Definite integrals are a fundamental concept in calculus, important for calculating the area under a curve between two points. Imagine you want to find out how much space is taken by a shape bounded by a function and two specific points on the x-axis.
Definite integrals help us

• Calculate areas under curves.
• Assess the total accumulation, such as distance when speed changes continuously.

In our exercise, we deal with the definite integral \( \int_{x}^{1} 2t \, dt \). Typically, definite integrals use a lower and an upper limit to signify the interval over which the integration is performed. Here, the integral's limits are from \( x \) to 1, indicating we initially evaluate from variable \( x \) to a fixed point 1. Understanding the properties of definite integrals, like switching the integration limits, is crucial. If we swap the limits, it changes the sign of the integral, hence introducing a minus sign in our calculations.

An antiderivative gives you a function whose derivative is the original function you started with. Think of it as reversing differentiation. Antiderivatives tell us about accumulation, much like integration.
For any function \( f(t) \), finding its antiderivative \( F(t) \) means that \( F'(t) = f(t) \). In simpler terms, if you differentiate \( F(t) \), you arrive back at \( f(t) \).
The exercise is a good fit for recognizing the antiderivative concept. When you see an integral like \( \int 2t \, dt \), the antiderivative of \( 2t \) would be a function \( F(t) = t^2 \). Without constant limits complicating it, determining this helps answer the bigger picture of what the original function looks like before differentiation. Antiderivatives are broadly useful for solving many calculus problems involving integrals.
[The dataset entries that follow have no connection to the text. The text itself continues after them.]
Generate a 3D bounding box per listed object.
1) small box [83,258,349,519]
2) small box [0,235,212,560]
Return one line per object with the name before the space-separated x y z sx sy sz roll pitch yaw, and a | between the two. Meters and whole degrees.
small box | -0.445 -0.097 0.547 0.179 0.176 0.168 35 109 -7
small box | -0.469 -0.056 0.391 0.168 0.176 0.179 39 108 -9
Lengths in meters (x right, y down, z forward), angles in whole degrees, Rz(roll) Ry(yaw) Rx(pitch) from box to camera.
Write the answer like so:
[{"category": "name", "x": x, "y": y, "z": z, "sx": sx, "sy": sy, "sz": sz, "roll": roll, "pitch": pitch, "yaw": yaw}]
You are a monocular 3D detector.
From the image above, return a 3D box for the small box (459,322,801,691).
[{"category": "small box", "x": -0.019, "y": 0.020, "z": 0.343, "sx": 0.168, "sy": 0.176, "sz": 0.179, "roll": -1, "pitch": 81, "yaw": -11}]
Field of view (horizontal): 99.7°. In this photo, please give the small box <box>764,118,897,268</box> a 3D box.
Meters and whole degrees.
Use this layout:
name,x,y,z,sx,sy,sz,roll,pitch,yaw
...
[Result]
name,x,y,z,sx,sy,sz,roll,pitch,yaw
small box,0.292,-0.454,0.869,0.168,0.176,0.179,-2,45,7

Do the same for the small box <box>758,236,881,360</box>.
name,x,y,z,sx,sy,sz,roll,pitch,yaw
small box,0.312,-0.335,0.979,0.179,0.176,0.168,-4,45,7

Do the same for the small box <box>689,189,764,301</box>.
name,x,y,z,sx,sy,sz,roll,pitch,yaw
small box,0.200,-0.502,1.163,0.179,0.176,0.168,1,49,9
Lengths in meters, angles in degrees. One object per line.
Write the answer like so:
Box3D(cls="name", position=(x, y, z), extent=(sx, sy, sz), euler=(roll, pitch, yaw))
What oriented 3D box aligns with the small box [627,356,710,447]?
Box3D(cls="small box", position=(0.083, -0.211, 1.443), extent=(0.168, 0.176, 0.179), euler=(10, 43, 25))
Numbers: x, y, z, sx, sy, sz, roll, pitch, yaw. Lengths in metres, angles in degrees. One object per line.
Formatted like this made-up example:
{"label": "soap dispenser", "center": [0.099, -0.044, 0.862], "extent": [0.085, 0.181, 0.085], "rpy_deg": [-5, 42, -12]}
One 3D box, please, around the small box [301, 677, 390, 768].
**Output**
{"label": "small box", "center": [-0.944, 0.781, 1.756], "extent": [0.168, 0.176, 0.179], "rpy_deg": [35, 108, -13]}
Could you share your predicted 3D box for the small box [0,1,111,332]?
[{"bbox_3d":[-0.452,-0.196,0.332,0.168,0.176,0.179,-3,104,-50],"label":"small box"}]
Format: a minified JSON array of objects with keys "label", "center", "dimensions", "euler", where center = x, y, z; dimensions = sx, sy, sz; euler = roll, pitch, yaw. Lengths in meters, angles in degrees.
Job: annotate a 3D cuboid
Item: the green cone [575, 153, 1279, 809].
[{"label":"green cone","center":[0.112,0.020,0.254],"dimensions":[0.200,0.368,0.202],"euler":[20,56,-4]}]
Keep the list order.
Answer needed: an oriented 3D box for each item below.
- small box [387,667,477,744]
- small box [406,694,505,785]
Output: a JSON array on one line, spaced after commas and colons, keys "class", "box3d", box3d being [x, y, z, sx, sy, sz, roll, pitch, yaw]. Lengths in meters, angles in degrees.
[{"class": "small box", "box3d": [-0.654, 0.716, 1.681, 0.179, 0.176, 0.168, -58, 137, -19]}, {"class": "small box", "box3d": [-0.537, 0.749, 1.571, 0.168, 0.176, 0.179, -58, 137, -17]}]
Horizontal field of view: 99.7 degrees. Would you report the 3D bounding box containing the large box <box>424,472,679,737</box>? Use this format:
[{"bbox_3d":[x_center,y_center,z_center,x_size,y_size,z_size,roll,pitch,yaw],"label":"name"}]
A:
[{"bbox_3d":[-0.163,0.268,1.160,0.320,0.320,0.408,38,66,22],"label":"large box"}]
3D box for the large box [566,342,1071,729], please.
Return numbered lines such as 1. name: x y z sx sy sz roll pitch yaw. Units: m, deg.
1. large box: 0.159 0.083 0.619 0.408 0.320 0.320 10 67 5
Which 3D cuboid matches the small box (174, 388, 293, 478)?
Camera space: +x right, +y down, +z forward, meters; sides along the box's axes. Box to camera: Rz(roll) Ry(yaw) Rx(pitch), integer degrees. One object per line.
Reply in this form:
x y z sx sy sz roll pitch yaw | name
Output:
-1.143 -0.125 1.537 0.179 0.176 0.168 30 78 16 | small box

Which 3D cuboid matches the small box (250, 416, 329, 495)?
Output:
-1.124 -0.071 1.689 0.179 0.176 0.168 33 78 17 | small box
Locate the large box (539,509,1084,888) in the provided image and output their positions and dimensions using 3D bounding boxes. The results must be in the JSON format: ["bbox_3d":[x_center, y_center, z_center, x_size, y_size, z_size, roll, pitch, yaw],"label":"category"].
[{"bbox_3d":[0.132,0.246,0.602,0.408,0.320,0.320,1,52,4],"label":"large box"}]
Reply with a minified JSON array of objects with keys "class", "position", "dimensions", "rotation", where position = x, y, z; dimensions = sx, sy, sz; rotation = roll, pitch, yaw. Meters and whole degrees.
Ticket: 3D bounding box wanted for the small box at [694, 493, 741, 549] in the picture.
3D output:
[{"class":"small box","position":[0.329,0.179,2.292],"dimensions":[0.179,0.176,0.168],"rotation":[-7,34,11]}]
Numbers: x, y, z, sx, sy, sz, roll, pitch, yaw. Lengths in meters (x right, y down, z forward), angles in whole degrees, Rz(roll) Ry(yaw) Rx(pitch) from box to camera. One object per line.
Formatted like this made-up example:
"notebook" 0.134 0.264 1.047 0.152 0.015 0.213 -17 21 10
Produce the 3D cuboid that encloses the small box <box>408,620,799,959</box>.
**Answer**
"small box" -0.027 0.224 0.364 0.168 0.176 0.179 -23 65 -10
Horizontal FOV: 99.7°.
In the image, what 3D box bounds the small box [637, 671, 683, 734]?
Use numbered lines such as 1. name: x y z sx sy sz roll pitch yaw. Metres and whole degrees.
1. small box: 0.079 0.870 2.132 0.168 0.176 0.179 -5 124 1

Derivatives and integrals have a special relationship defined by the Fundamental Theorem of Calculus. This theorem connects differentiation and integration, showing how one operation can reverse the other.
The exercise illustrates how we can take the derivative of an integral function. Initially, the task was to find \( G'(x) \) for \( G(x) = \int_{x}^{1} 2t \, dt \). However, by changing the limits, our integral becomes \( -\int_{1}^{x} 2t \, dt \). Based on the theorem, when the upper limit of the integral is a variable, the derivative of this integral with respect to the upper variable is simply the integrand evaluated at that variable.
Therefore, the result \( -2x \) is straightforwardly derived by acknowledging the link between integrating and differentiating, a hallmark example of the Fundamental Theorem of Calculus. Understanding that the derivative of \( \int_a^x f(t) \, dt \) is \( f(x) \) helps solve such exercises more intuitively.